Work request:
Without the images, reproduce every entry exactly.

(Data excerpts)
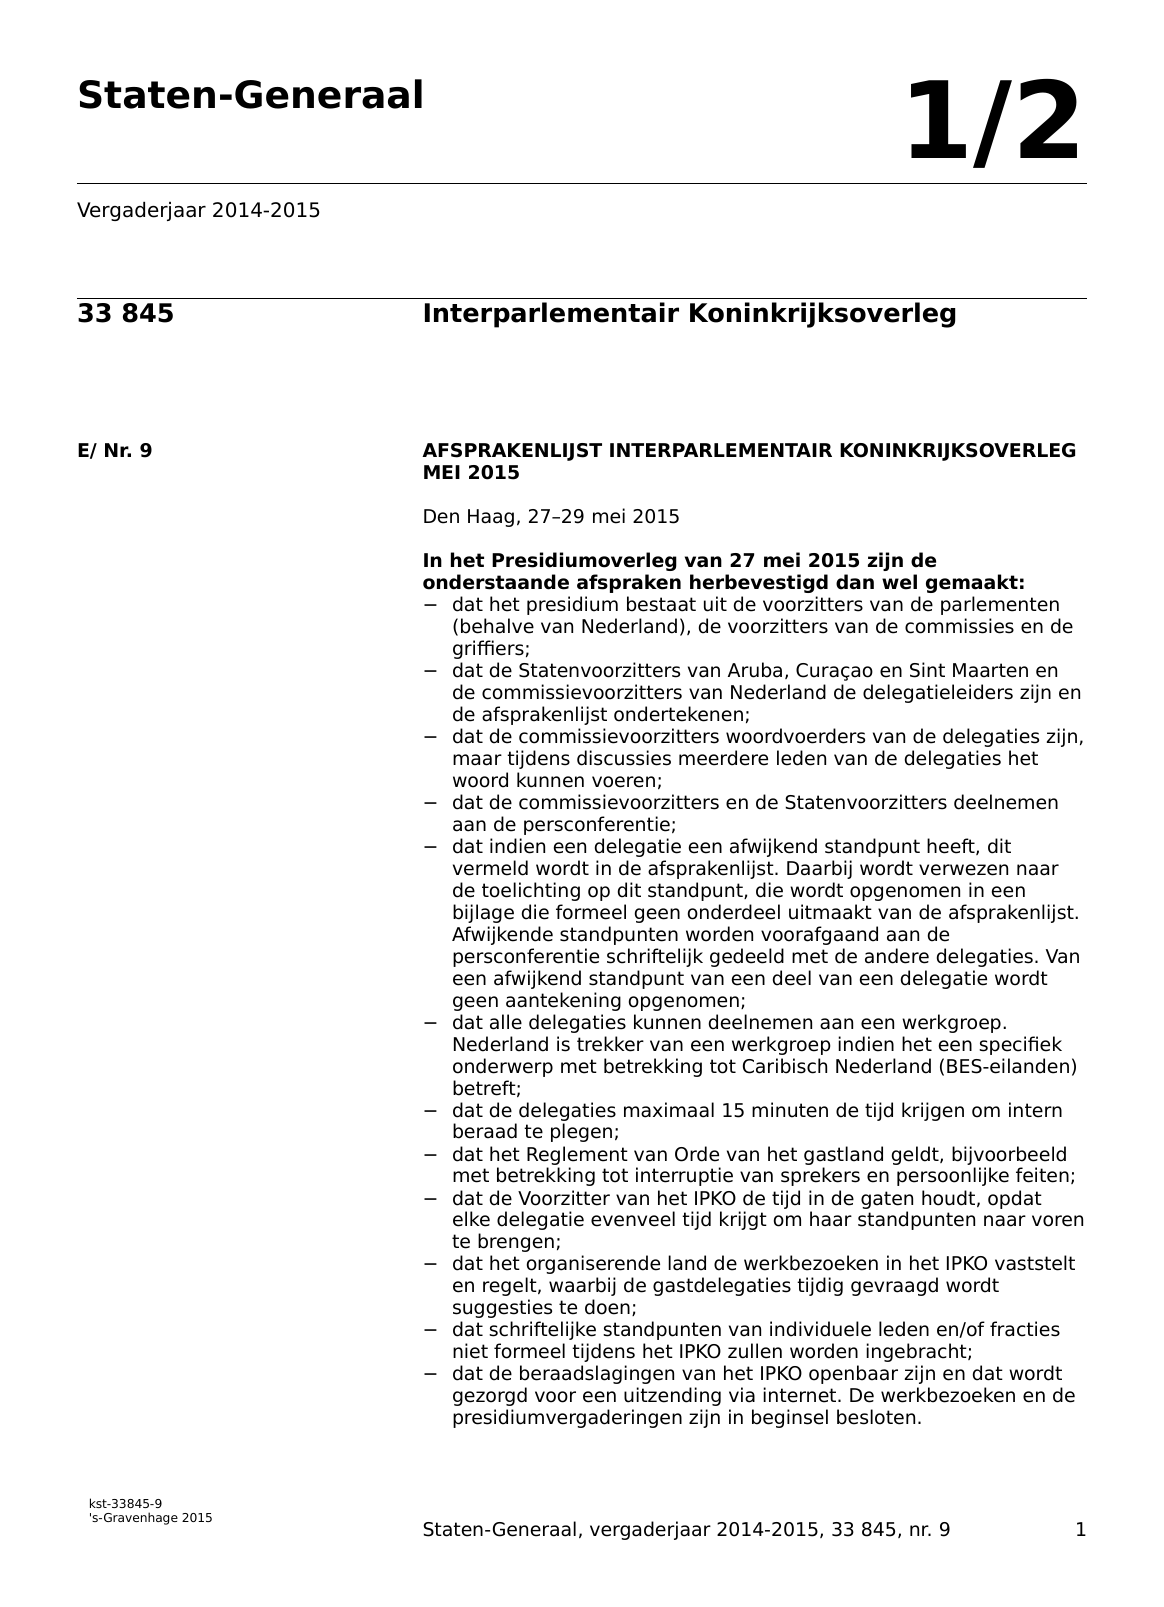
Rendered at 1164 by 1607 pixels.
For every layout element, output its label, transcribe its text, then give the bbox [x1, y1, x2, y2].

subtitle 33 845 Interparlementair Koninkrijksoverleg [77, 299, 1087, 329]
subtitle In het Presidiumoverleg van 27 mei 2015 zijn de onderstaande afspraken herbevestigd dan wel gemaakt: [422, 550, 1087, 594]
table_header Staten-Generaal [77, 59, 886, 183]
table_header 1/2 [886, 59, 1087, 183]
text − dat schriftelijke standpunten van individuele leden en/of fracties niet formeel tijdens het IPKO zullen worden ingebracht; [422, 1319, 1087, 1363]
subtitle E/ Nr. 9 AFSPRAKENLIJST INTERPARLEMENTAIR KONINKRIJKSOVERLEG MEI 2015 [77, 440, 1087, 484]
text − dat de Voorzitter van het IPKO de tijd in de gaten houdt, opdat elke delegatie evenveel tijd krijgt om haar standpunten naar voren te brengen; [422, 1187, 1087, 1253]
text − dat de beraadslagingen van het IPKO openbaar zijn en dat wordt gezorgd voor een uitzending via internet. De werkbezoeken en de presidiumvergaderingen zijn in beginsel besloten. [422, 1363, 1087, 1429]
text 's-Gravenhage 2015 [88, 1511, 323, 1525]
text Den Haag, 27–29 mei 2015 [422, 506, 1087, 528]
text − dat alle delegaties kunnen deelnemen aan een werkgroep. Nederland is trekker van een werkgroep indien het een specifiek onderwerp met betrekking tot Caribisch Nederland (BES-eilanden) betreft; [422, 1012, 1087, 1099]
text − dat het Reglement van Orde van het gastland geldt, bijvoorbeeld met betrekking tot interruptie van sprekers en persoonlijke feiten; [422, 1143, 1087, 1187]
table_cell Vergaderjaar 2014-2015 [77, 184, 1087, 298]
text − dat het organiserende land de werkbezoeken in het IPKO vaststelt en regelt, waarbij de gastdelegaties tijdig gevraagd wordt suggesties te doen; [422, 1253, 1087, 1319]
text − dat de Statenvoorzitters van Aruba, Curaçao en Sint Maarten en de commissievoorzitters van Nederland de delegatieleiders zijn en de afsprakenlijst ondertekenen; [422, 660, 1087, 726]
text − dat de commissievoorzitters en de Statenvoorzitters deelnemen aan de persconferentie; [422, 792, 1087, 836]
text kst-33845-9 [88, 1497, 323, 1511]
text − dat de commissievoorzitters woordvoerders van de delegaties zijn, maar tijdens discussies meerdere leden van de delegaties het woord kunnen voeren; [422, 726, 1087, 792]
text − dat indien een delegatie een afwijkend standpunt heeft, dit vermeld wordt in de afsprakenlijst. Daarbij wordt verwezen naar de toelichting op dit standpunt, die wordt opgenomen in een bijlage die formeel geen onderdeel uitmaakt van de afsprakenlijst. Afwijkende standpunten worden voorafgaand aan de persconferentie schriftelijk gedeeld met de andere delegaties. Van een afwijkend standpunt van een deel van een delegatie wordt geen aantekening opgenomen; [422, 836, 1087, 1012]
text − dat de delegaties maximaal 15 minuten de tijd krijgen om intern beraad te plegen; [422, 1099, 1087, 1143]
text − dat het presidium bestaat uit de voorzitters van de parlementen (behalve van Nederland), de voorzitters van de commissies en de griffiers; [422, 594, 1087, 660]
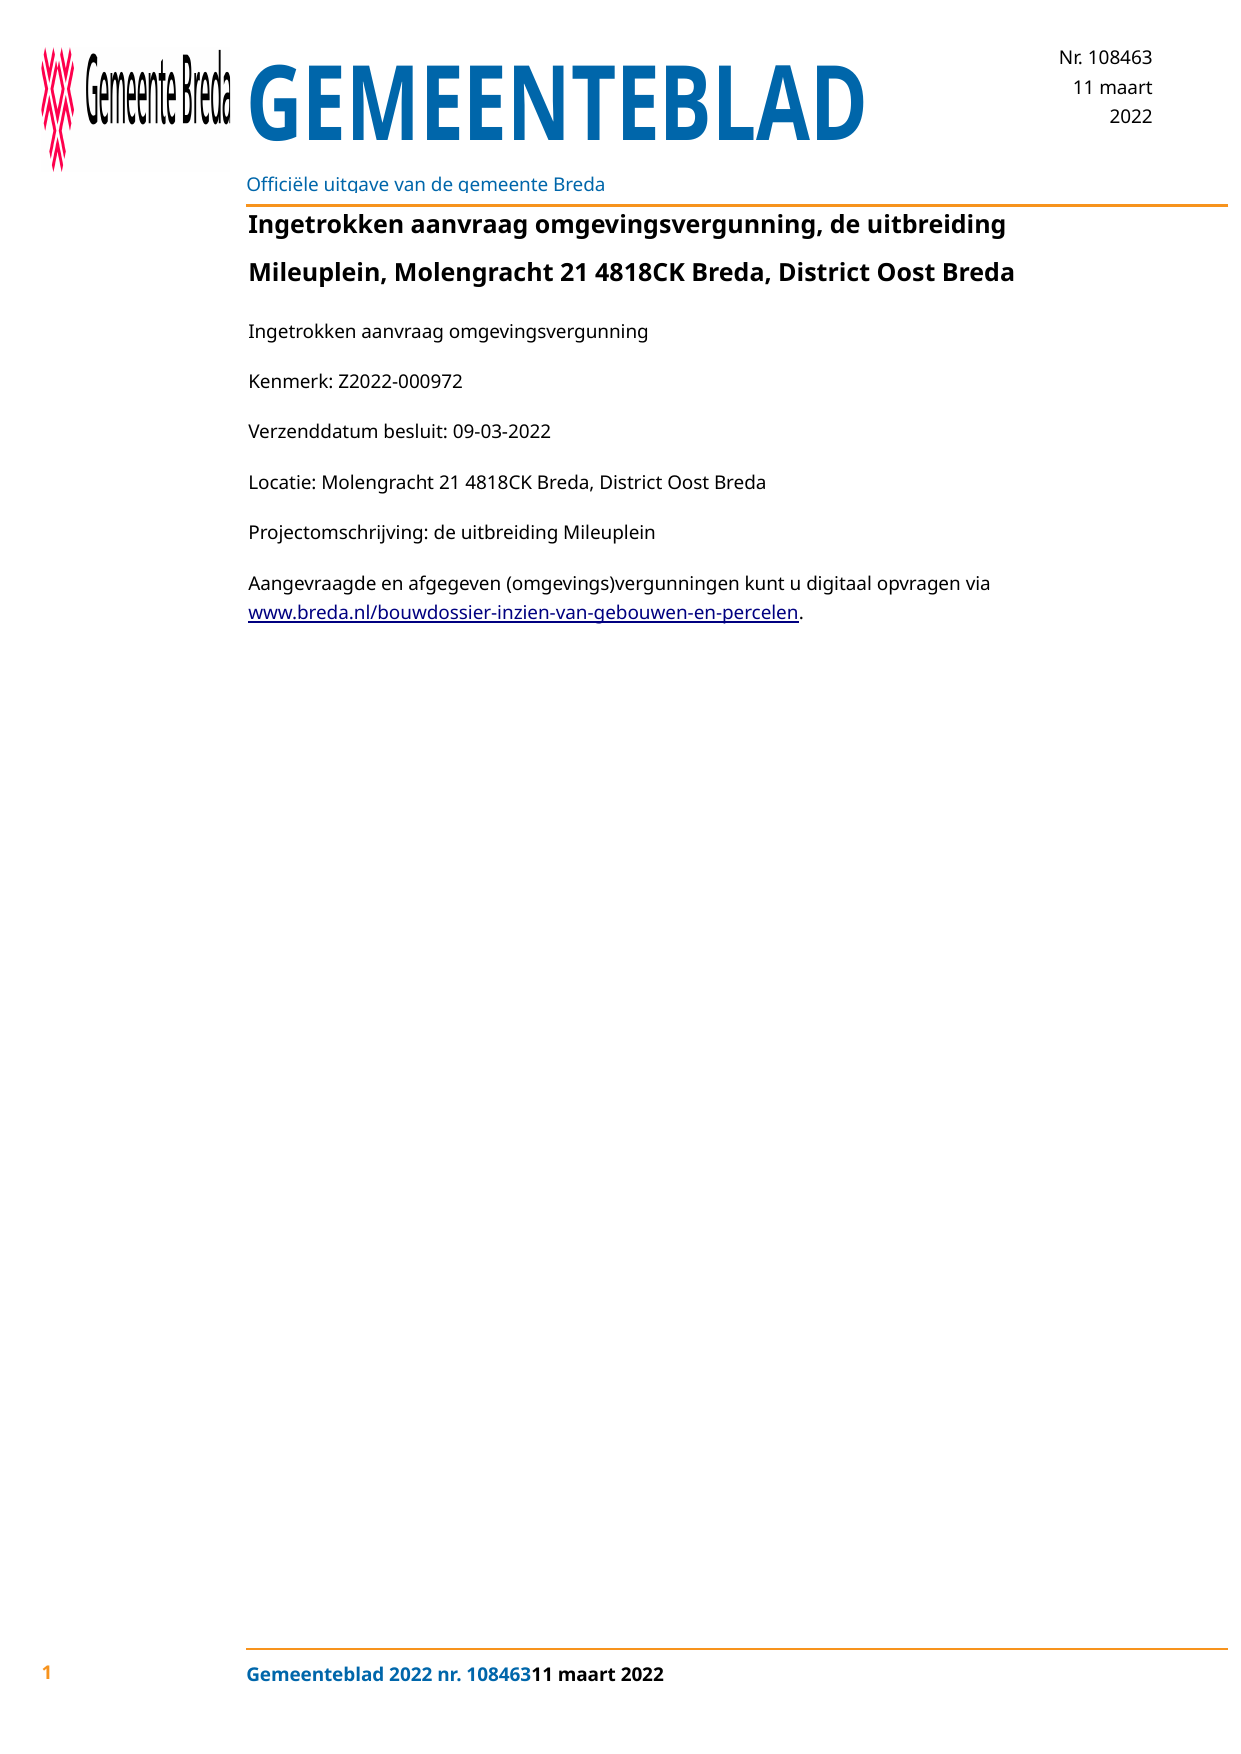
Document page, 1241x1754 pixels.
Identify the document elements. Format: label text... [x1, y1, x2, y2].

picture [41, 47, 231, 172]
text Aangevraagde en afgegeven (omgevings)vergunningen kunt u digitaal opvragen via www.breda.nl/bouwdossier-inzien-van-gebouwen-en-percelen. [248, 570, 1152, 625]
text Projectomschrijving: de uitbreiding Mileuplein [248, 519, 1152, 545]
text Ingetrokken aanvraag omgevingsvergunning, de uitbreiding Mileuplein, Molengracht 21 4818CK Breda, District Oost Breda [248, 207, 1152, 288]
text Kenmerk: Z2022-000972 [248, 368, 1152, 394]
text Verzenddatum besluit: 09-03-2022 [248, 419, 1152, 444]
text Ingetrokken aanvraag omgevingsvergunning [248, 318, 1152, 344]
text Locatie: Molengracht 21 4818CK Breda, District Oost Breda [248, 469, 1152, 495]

Result of this task:
Rendered at 1164 by 1607 pixels.
For every layout element, output its label, transcribe its text, then give the bbox [x1, y1, x2, y2].

subtitle 33 845 Interparlementair Koninkrijksoverleg [77, 299, 1087, 329]
subtitle In het Presidiumoverleg van 27 mei 2015 zijn de onderstaande afspraken herbevestigd dan wel gemaakt: [422, 550, 1087, 594]
table_header Staten-Generaal [77, 59, 886, 183]
table_header 1/2 [886, 59, 1087, 183]
text − dat schriftelijke standpunten van individuele leden en/of fracties niet formeel tijdens het IPKO zullen worden ingebracht; [422, 1319, 1087, 1363]
subtitle E/ Nr. 9 AFSPRAKENLIJST INTERPARLEMENTAIR KONINKRIJKSOVERLEG MEI 2015 [77, 440, 1087, 484]
text − dat de Voorzitter van het IPKO de tijd in de gaten houdt, opdat elke delegatie evenveel tijd krijgt om haar standpunten naar voren te brengen; [422, 1187, 1087, 1253]
text − dat de beraadslagingen van het IPKO openbaar zijn en dat wordt gezorgd voor een uitzending via internet. De werkbezoeken en de presidiumvergaderingen zijn in beginsel besloten. [422, 1363, 1087, 1429]
text 's-Gravenhage 2015 [88, 1511, 323, 1525]
text Den Haag, 27–29 mei 2015 [422, 506, 1087, 528]
text − dat alle delegaties kunnen deelnemen aan een werkgroep. Nederland is trekker van een werkgroep indien het een specifiek onderwerp met betrekking tot Caribisch Nederland (BES-eilanden) betreft; [422, 1012, 1087, 1099]
text − dat het Reglement van Orde van het gastland geldt, bijvoorbeeld met betrekking tot interruptie van sprekers en persoonlijke feiten; [422, 1143, 1087, 1187]
table_cell Vergaderjaar 2014-2015 [77, 184, 1087, 298]
text − dat het organiserende land de werkbezoeken in het IPKO vaststelt en regelt, waarbij de gastdelegaties tijdig gevraagd wordt suggesties te doen; [422, 1253, 1087, 1319]
text − dat de Statenvoorzitters van Aruba, Curaçao en Sint Maarten en de commissievoorzitters van Nederland de delegatieleiders zijn en de afsprakenlijst ondertekenen; [422, 660, 1087, 726]
text − dat de commissievoorzitters en de Statenvoorzitters deelnemen aan de persconferentie; [422, 792, 1087, 836]
text kst-33845-9 [88, 1497, 323, 1511]
text − dat de commissievoorzitters woordvoerders van de delegaties zijn, maar tijdens discussies meerdere leden van de delegaties het woord kunnen voeren; [422, 726, 1087, 792]
text − dat indien een delegatie een afwijkend standpunt heeft, dit vermeld wordt in de afsprakenlijst. Daarbij wordt verwezen naar de toelichting op dit standpunt, die wordt opgenomen in een bijlage die formeel geen onderdeel uitmaakt van de afsprakenlijst. Afwijkende standpunten worden voorafgaand aan de persconferentie schriftelijk gedeeld met de andere delegaties. Van een afwijkend standpunt van een deel van een delegatie wordt geen aantekening opgenomen; [422, 836, 1087, 1012]
text − dat de delegaties maximaal 15 minuten de tijd krijgen om intern beraad te plegen; [422, 1099, 1087, 1143]
text − dat het presidium bestaat uit de voorzitters van de parlementen (behalve van Nederland), de voorzitters van de commissies en de griffiers; [422, 594, 1087, 660]
Document page, 1241x1754 pixels.
Identify the document elements. Format: label text... [x1, y1, x2, y2].

picture [41, 47, 231, 172]
text Aangevraagde en afgegeven (omgevings)vergunningen kunt u digitaal opvragen via www.breda.nl/bouwdossier-inzien-van-gebouwen-en-percelen. [248, 570, 1152, 625]
text Projectomschrijving: de uitbreiding Mileuplein [248, 519, 1152, 545]
text Ingetrokken aanvraag omgevingsvergunning, de uitbreiding Mileuplein, Molengracht 21 4818CK Breda, District Oost Breda [248, 207, 1152, 288]
text Kenmerk: Z2022-000972 [248, 368, 1152, 394]
text Verzenddatum besluit: 09-03-2022 [248, 419, 1152, 444]
text Ingetrokken aanvraag omgevingsvergunning [248, 318, 1152, 344]
text Locatie: Molengracht 21 4818CK Breda, District Oost Breda [248, 469, 1152, 495]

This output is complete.